GSoC/2014/Project ideas
This Page is under development
Ideas for Google Summer of Code 2014
- Please Read the FAQ
Apart from the following ideas , you can propose your own ideas
If you want to propose an idea, please do it in project mailing list>
A spell checker for Indic language that understands inflections
Project:
SILPA project has a spellchecker written using python with a not so simple algorithm. But still it is not capable of handling inflection and agglutination occurring in Indian languages especially south Indian languages. The dictionary we have for Malayalam spellchecker have about 150000 words. Of course we can expand the dictionary, but that doesn't have much value since words can be formed in Malayalam or Tamil etc by joining multiple words. In addition to that, words get inflected based on grammar forms(sandhi), plural, gender etc. Hunspell has a system to handle this, but so far nobody succeeded in getting it working for multi level suffix stripping as required for Malayalam. Some times a Malayalam word can be formed by more than 5 words joining together. We will need a word splitting logic or a table taking care of all patterns. The project is to attempt solving this with hunspell. If that is not feasible(hunspell upstream is not active), develop an algorithm and implement it.

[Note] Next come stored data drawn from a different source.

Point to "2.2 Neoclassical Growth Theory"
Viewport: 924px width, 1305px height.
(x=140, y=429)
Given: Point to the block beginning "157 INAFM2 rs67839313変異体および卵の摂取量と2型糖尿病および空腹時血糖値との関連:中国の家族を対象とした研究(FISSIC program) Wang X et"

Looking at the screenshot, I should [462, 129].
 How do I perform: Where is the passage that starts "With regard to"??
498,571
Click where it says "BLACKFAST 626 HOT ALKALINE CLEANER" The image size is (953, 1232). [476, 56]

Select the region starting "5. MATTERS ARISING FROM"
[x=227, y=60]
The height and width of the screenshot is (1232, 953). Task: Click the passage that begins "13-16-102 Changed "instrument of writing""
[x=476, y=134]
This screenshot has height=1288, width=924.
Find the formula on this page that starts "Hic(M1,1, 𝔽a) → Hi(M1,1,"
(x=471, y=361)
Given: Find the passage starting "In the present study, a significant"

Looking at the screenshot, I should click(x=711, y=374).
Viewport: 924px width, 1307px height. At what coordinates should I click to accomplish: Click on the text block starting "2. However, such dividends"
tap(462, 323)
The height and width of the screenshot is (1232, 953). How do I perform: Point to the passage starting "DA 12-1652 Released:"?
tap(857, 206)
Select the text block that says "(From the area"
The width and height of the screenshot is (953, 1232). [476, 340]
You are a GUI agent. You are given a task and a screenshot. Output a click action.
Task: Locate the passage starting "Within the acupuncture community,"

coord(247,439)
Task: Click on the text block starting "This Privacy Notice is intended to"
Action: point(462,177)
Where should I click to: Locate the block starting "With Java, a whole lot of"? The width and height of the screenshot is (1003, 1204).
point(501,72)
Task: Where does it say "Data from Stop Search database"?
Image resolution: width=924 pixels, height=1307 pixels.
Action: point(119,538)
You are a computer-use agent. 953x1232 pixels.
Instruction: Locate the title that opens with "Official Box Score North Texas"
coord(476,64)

Recently Tamil attempted developing a spellchecker using Hunspell with multi level suffix stripping. You can see the result here https://github.com/thamizha/solthiruthi. Our attempt should be first to use Hunspell to achieve spellchecking with agglutination and inflection. Probably it will require lot of scripting to generate suffix patterns, we can ask help from existing language communities too. If Hunspell has limitation with multi level suffxes- sometimes Indian languages require more than 5 levels of suffix stripping, we need to document it(bug and documentation) and try to attempt python based solution on top of SILPA framework.
- Savannah Task
- Expertise required: Average level understanding of grammar system of at least one Indian language
- Complexity: Advanced
- Mentor : Santhosh Thottingal
Indic rendering support in ConTeXt
Project:
ConTeXt is another TeX macro system similar to LaTeX but much more suitable for design. To find more information about ConTeXt, see the wiki http://wiki.contextgarden.net/Main_Page. ConTeXt MKII have Indic language rendering support using XeTeX. but MKII is deprecated, and the new MKIV backend doesn't support Indic rendering yet. The aim of this project is to add support to Inidic rendering to ConTeXt MKIV. XeTeX is using Harfbuzz to do correct Indic rendering.
- Savannah Task
- Expertise required: Understanding of the TeX system, experience in either LaTeX or ConTeXt and basic understanding of Indic language rendering. MKIV uses Lua, familiarity with Lua, opentype specifications or Harfbuzz will be added advantage.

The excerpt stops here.